Prediction of the tRNACAG
Independent support for the proposed translation scheme is provided by tRNA prediction, which is performed with tRNAscan-SE. Subsequently, a BLAST search against reference leu-tRNACAG and ser-tRNACAG genes indicates the most probable identity of the tRNACAG in the query data. In addition, the predicted tRNACAG is aligned with the reference data for visual inspection.
Any given protein sequence can be checked for correct translation of CUG codons. This is an important option for all users who obtained protein sequences from databases, which did not resolve the codon translation yet. For example, at species genome project homepages gene annotations are often provided with non-uniform translations. All CUG codons are highlighted, differences between the correct and the given translation are indicated. If the given translation is partially incorrect, the correctly translated protein sequence can be downloaded in fasta-format.
As example for the usability of Bagheera we choose Candida bracarensis, Candida castellii, Candida maltosa, Candida nivariensis, Nakaseomyces bacillisporus, and Nakaseomyces delphensis because these are not yet included in CyMoBase's reference data (Table 1). The genome assemblies were obtained from NCBI and uploaded into Bagheera. At NCBI, C.bracarensis and C.nivariensis are still grouped to the Candida branch (mitosporic Saccharomycetales) although a recent whole genome analysis showed their close homology to Candida glabrata, which belongs to the Saccharomycetaceae. Therefore, we selected the "Candida albicans" feature set for C.maltosa and the "Saccharomyces cerevisiae" feature set for the other species for the gene prediction with AUGUSTUS. In all six genomes, homologs of almost all of the 38 reference proteins from Candida albicans and Saccharomyces cerevisiae were predicted (Table 1) supporting the completeness of the genome assemblies and similarity between the species. For C.maltosa 71 CUG codons were identified in 20 proteins, which is in agreement with the average number of CUG codons in the CTG clade (Mühlhausen and Kollmar, unpublished data). Accordingly, the genes of C.bracarensis, C.castellii, C.nivariensis, N.bacillisporus, and N.delphensis contain slightly more CUG codons (122 to 194 codons). In all five Saccharomycetaceae, about 75% of the CUG positions are conserved within the reference data. In C.maltosa about 50% of the CUG positions are conserved. Together, these data propose the AYCU for C.maltosa and the standard translation table for C.bracarensis, C.castellii, C.nivariensis, N.bacillisporus, and N.delphensis.
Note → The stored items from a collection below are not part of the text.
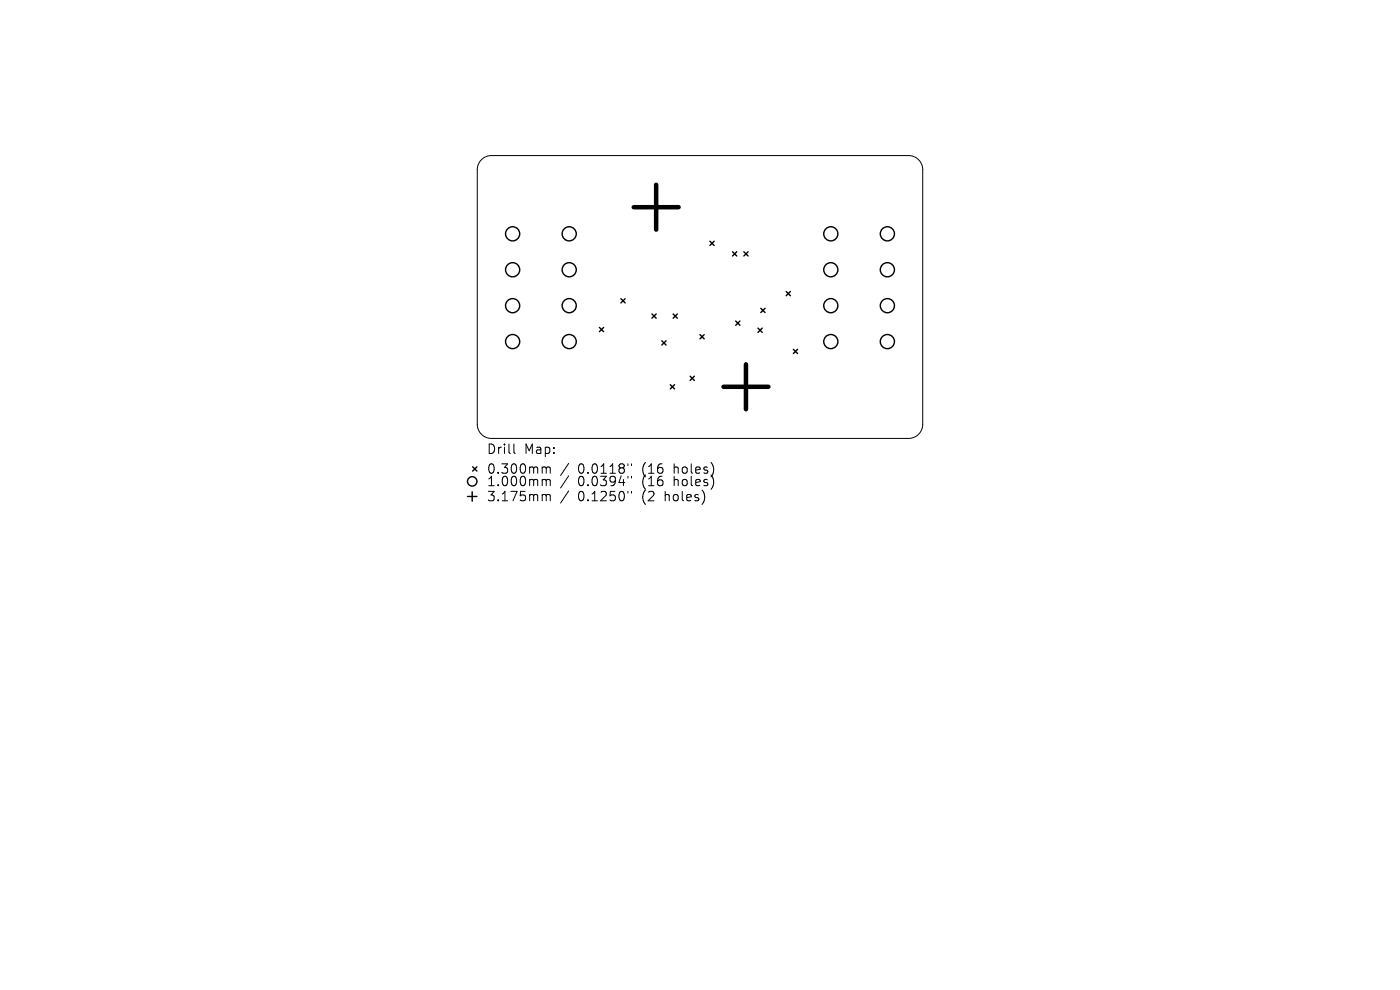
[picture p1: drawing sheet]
<svg xmlns="http://www.w3.org/2000/svg" width="297mm" height="210mm" viewBox="0 0 297 210" stroke-linecap="round" stroke-linejoin="round" font-family="sans-serif">
<defs><g id="words">
<g font-size="2.8">
<text x="103.2" y="96.6">Drill</text>
<text x="103.2" y="100.8">0.300mm</text>
<text x="111.2" y="96.6">Map:</text>
<text x="122.6" y="100.8">0.0118&quot;</text>
<text x="136.3" y="100.8">(16</text>
<text x="143.2" y="100.8">holes)</text>
<text x="103.2" y="103.4">1.000mm</text>
<text x="103.2" y="106.6">3.175mm</text>
<text x="122.6" y="103.4">0.0394&quot;</text>
<text x="122.6" y="106.6">0.1250&quot;</text>
<text x="136.3" y="103.4">(16</text>
<text x="136.3" y="106.6">(2</text>
<text x="141.3" y="106.6">holes)</text>
<text x="143.2" y="103.4">holes)</text>
</g>
</g></defs>
<g fill="none" stroke="#000" stroke-width=".21">
<path d="M102.1 33.9a3 3 0 0 1 2.2-.9h88.5a3 3 0 0 1 3 3v54a3 3 0 0 1-3 3h-88.5a3 3 0 0 1-3-3v-54a3 3 0 0 1 .8-2.1zM109 94.2v1.7l.3 .3M115.3 99.1l.5 .1 .1 .1M115.9 99.3l.3-.2 .4 .1 .1 1.2M115.9 99.3v1.1M120.6 98.3l-1.7 2.6M133.2 98.4v.4M134 98.4v.4M115.3 101.7l.5 .1 .1 .2M115.3 104.9l.5 .1 .1 .2M115.9 102v1M115.9 105.2v1"/>
<path d="M115.9 102l.3-.3 .4 .1 .1 1.2M115.9 105.2l.3-.3 .4 .1 .1 1.2M120.6 100.9l-1.7 2.6M120.6 104.1l-1.7 2.6M133.2 101v.4M133.2 104.2v.4M134 101v.4M134 104.2v.4"/>
</g>
<g fill="none" stroke="#000" stroke-width=".3">
<path d="M150.6 51.2l.9 .9M151.5 51.2l-.9 .9M155.4 53.4l.9 .9M156.3 53.4l-.9 .9M157.8 53.4l.9 .9M158.7 53.4l-.9 .9M127.2 69.5l.9 .9M128.1 69.5l-.9 .9M131.7 63.4l.9 .9M132.6 63.4l-.9 .9M138.3 66.6l.9 .9M139.2 66.6l-.9 .9"/>
<path d="M140.4 72.3l.9 .9M141.3 72.3l-.9 .9M142.8 66.6l.9 .9M143.7 66.6l-.9 .9M146.4 79.8l.9 .9M147.3 79.8l-.9 .9M148.5 71l.9 .9M149.4 71l-.9 .9M156.1 68.1l.9 .9M157 68.1l-.9 .9M160.8 69.6l.9 .9M161.4 65.4l.9 .9"/>
<path d="M161.7 69.6l-.9 .9M162.3 65.4l-.9 .9M166.8 61.8l.9 .9M167.7 61.8l-.9 .9M168.3 74.1l.9 .9M169.2 74.1l-.9 .9M100.3 99l.9 .9M101.2 99l-.9 .9M142.2 81.6l.9 .9M143.1 81.6l-.9 .9M99.2 105.3h2M100.2 104.3v2"/>
<circle cx="108.8" cy="57.2" r="1.5"/>
<circle cx="108.8" cy="49.6" r="1.5"/>
<circle cx="120.8" cy="57.2" r="1.5"/>
<circle cx="120.8" cy="49.6" r="1.5"/>
<circle cx="176.3" cy="57.2" r="1.5"/>
<circle cx="176.3" cy="49.6" r="1.5"/>
<circle cx="188.3" cy="57.2" r="1.5"/>
<circle cx="188.3" cy="49.6" r="1.5"/>
<circle cx="108.8" cy="64.8" r="1.5"/>
<circle cx="108.8" cy="72.5" r="1.5"/>
<circle cx="120.8" cy="64.8" r="1.5"/>
<circle cx="120.8" cy="72.5" r="1.5"/>
<circle cx="176.3" cy="64.8" r="1.5"/>
<circle cx="176.3" cy="72.5" r="1.5"/>
<circle cx="188.3" cy="72.5" r="1.5"/>
<circle cx="188.3" cy="64.8" r="1.5"/>
<circle cx="100.2" cy="102.1" r="1"/>
</g>
<path d="M139.2 39.2v9.5M134.4 44h9.6M158.3 77.3v9.5M153.5 82.1h9.5" fill="none" stroke="#000" stroke-width=".95"/>
<use href="#words"/>
</svg>

AYCU for C.maltosa has already been shown .
Limits of Bagheera
Possible limits of the tool might be that the query genes do not contain CUG codons and that the database contains only 18 protein families with 38 independent proteins. However, the proteins of most families of the reference data, e.g. myosins and dyneins, are very long and every of these proteins contains at least a few CUG codons (Figure 3). A whole genome sequence analyse will therefore always provide enough data for unambiguous assignment of the codon usage. Actins and tubulins also belong to the most widely used proteins for species phylogenies (e.g. recent analyses: [42–45]) and because of their high abundance in the cell it is highly likely that they are included in transcriptome assembly data and small-scale analyses. Although the presence of a leu-tRNACAG or ser-tRNACAG gene is a very strong indication for the Standard or AYCU, these genes are often not present in the genomes (e.g. in Saccharomyces cerevisiae) or might contain extremely long introns of more than 250 nucleotides hindering their identification and prediction.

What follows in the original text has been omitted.